**PROBLEM STATEMENT**: Every line below that holds the string "InternationalLocalizations" should be copied.

**DATA IN THIS EXERCISE**:
————
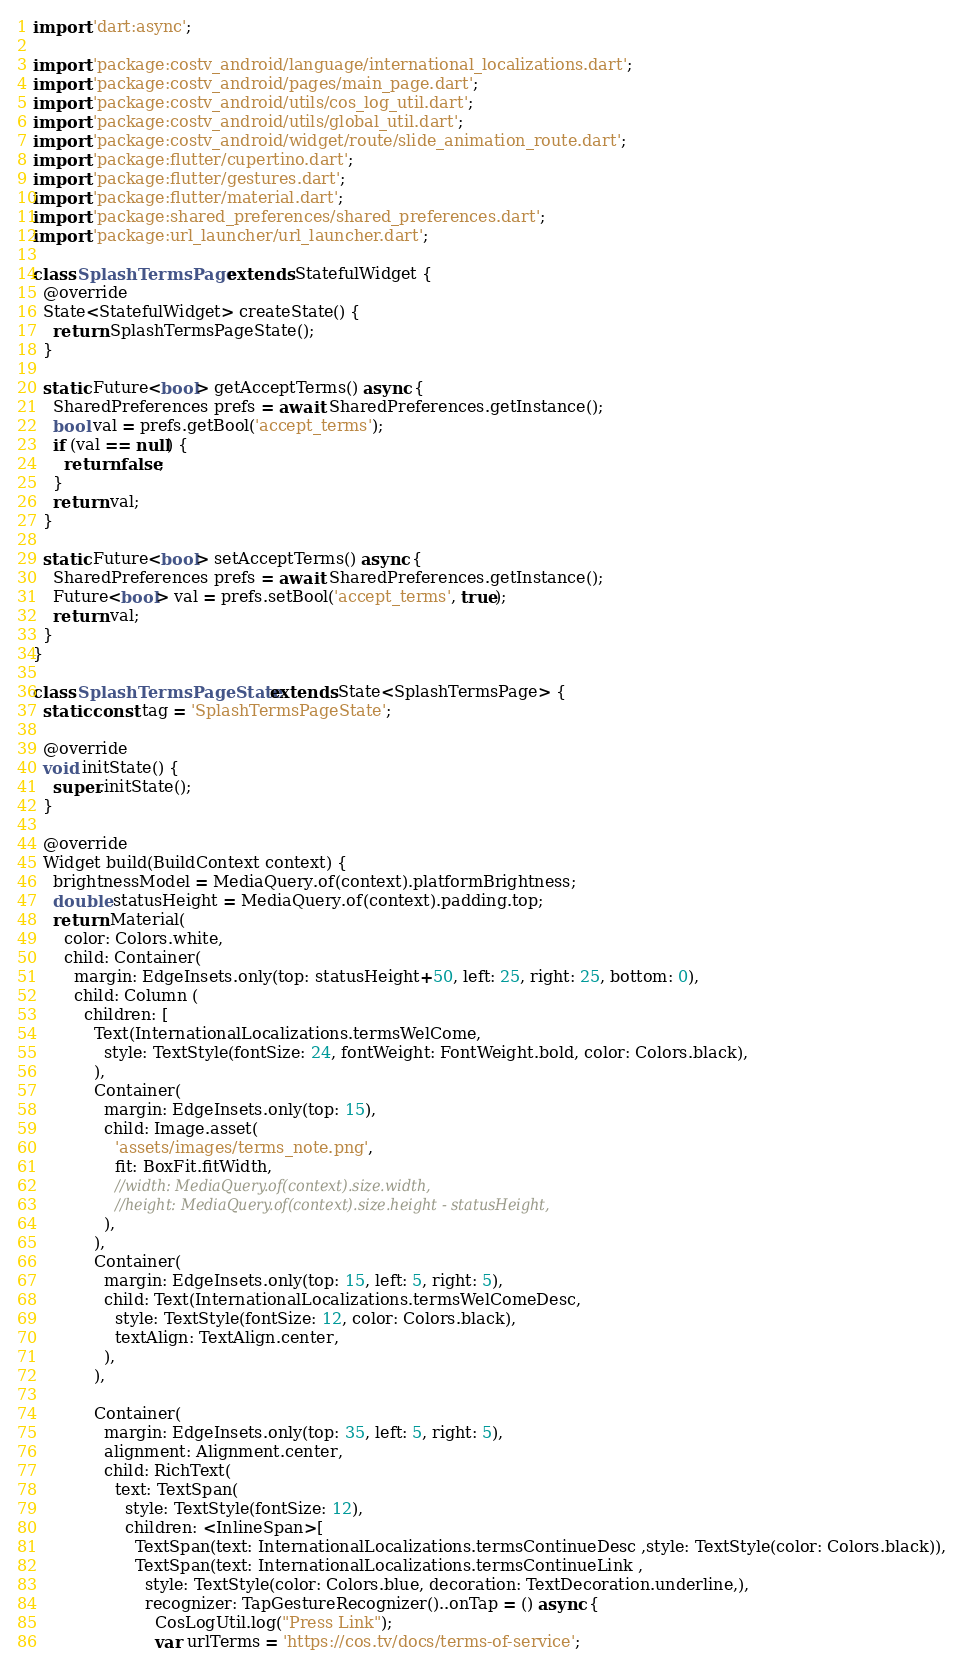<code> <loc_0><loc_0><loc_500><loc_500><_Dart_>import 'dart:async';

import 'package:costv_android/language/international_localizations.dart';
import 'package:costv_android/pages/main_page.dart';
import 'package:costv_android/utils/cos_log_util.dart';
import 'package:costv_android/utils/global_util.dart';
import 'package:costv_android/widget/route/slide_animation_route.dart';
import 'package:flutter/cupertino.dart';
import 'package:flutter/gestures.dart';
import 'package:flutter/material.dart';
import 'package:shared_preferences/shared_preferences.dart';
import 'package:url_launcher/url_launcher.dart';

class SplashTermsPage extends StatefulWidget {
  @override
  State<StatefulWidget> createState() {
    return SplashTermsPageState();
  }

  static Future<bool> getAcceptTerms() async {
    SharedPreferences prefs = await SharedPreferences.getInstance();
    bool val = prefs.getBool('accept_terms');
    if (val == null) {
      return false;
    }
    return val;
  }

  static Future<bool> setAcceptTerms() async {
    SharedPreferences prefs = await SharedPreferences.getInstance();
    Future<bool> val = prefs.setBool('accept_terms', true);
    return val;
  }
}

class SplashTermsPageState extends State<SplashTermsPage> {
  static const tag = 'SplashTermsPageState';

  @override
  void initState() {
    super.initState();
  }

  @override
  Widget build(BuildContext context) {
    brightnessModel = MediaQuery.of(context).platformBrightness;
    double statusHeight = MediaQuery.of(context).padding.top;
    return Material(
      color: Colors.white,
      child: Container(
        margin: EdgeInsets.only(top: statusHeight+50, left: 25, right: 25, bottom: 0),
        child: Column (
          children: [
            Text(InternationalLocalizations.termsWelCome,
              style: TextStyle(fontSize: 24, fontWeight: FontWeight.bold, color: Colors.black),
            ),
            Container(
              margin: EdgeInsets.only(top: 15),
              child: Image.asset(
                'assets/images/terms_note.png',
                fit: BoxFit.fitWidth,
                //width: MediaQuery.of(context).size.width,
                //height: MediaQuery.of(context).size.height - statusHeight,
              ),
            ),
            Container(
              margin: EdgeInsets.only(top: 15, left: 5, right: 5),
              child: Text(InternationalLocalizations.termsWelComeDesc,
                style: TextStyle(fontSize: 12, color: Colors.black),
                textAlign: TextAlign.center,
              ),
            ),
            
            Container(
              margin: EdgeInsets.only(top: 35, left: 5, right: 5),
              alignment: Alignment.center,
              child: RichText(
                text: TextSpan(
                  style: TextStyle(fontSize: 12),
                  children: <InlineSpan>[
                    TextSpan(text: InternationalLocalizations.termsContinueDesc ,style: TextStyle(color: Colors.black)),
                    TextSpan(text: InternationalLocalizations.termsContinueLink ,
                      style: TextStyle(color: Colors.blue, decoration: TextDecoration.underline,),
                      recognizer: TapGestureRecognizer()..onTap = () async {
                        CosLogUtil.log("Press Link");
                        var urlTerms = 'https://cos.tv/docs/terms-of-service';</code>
————
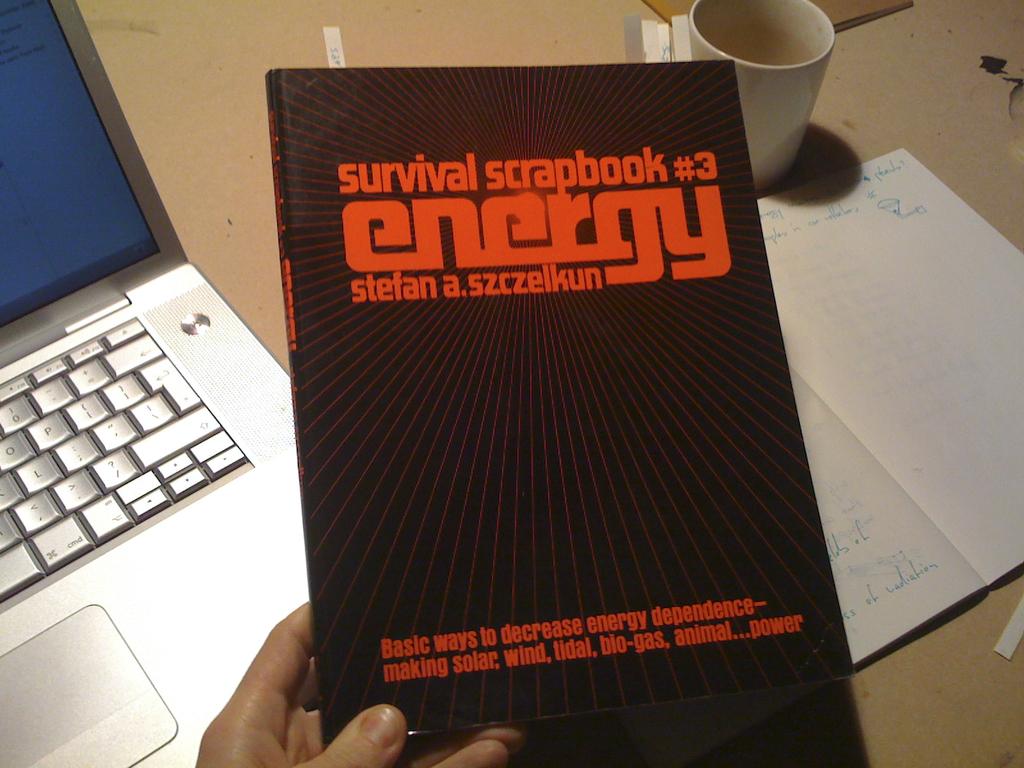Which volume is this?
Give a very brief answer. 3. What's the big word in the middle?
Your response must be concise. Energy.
————
**WORKED SOLUTION**:
            Text(InternationalLocalizations.termsWelCome,
              child: Text(InternationalLocalizations.termsWelComeDesc,
                    TextSpan(text: InternationalLocalizations.termsContinueDesc ,style: TextStyle(color: Colors.black)),
                    TextSpan(text: InternationalLocalizations.termsContinueLink ,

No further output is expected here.